In 1987, the Bears signed a "Memorandum of Mutual Understanding" with the city to begin planning for a stadium on the West Side, funded by the addition of new luxury skyboxes at Soldier Field. The project, which was intended to be privately funded, was thwarted by interest rates and the expiration of an exception to a ban on using tax-exempt bonds to build sports stadiums in 1990.

===McCormick Place ("McDome")===
In early 1990, then-Illinois governor James R. Thompson and then-Chicago Mayor Richard M. Daley ordered the planning of a domed stadium (nicknamed the "McDome") as part of a major expansion of the McCormick Place convention center, just south of the Loop on Chicago's lakefront. Though Michael McCaskey said, "we're not wildly enthusiastic about it," Thompson and Daley presented the dome as "the team's last chance at a taxpayer-subsidized stadium." By late 1990, state legislators had not voted on the project and it did not move forward.

===DuPage County===
As plans for the dome at McCormick place stalled in the Illinois state legislature in 1991, DuPage County officials tried to pursue the Bears to be principal tenants on vacant DuPage Airport property.

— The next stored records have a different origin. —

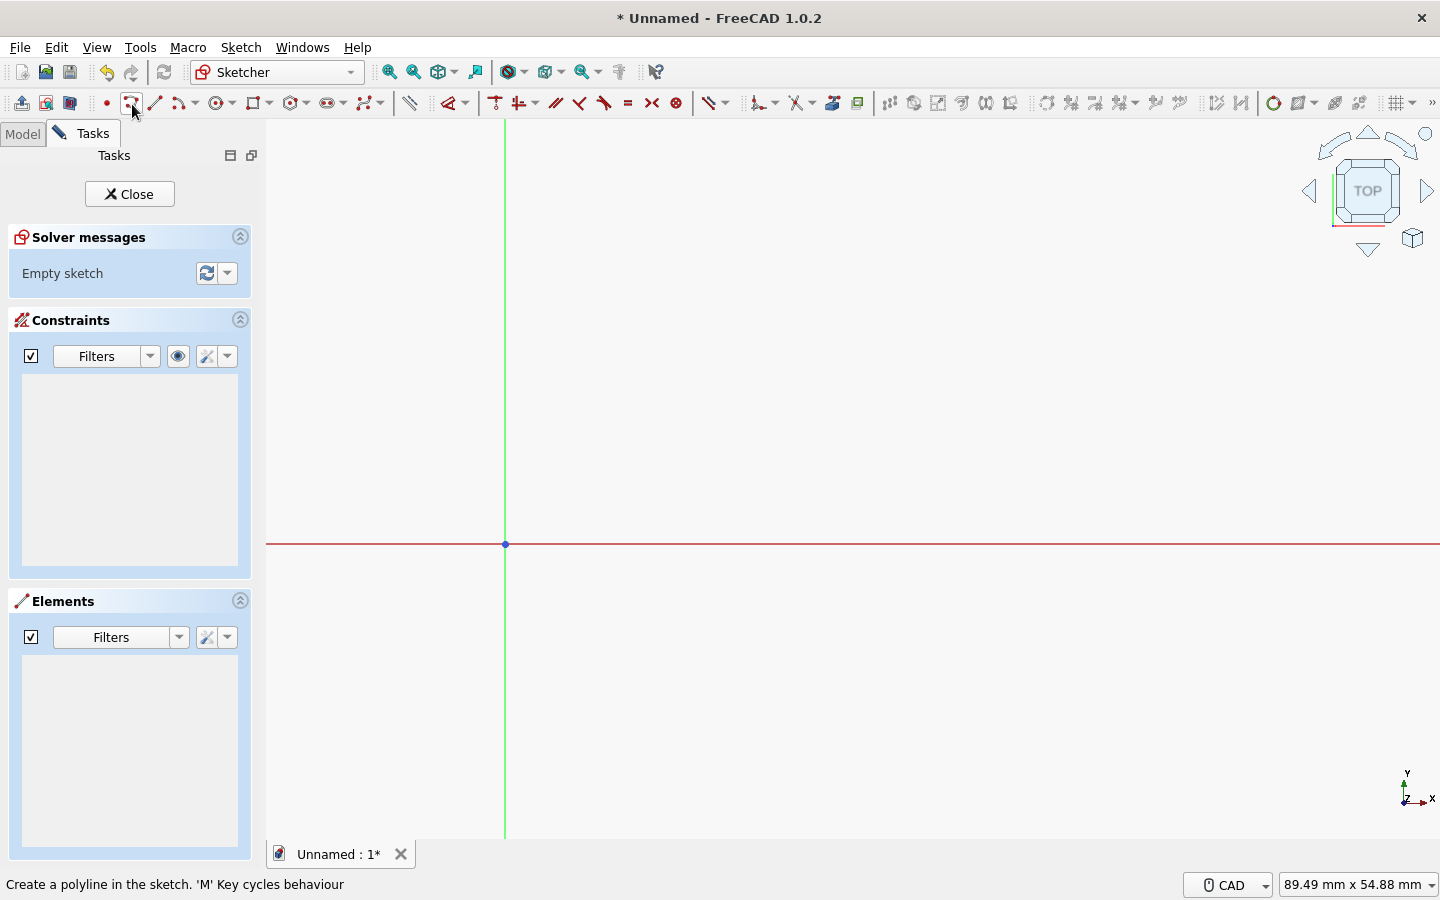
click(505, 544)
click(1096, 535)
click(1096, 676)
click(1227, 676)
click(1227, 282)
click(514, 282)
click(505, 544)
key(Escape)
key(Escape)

In 1995, the Bears announced that they were planning to build a new $285 million stadium. Two or three potential locations were in DuPage County: the Chicago-owned westernmost portion of O'Hare International Airport, and one or two additional sites adjacent to Highway 88. The DuPage County sites were dismissed as possibilities within months due to taxpayers' lack of support for the project.

===Hoffman Estates===
In 1995, the Bears announced they had acquired an option to purchase 200 acres in Hoffman Estates, Illinois, as one of four potential locations for its new $285 million, 74,000-seat stadium. At the time it was believed that the Hoffman Estates location was the favorite. By early 1996, the Bears' hopes for a suburban site were dashed by a lack of funding and they once again turned to negotiating with the city of Chicago.

===Northwest Indiana===
In 1995, a business group called Northwest Indiana/Chicagoland Entertainment Inc. tried to lure the Bears with a plan for a $205 million, 75,000-seat open air stadium in Gary, Indiana, as part of a $482 million plan redevelopment project west of the Gary Regional Airport called "Planet Park." However, the plan was rejected by the Lake County Council.

===Elk Grove Village===
In 1998 the Bears signed a letter of intent that gave them 18 months to decide whether to pursue a new $200 million to $300 million stadium in Elk Grove Village, with state officials saying "they are not willing to make any significant contributions to build a suburban home for the Bears".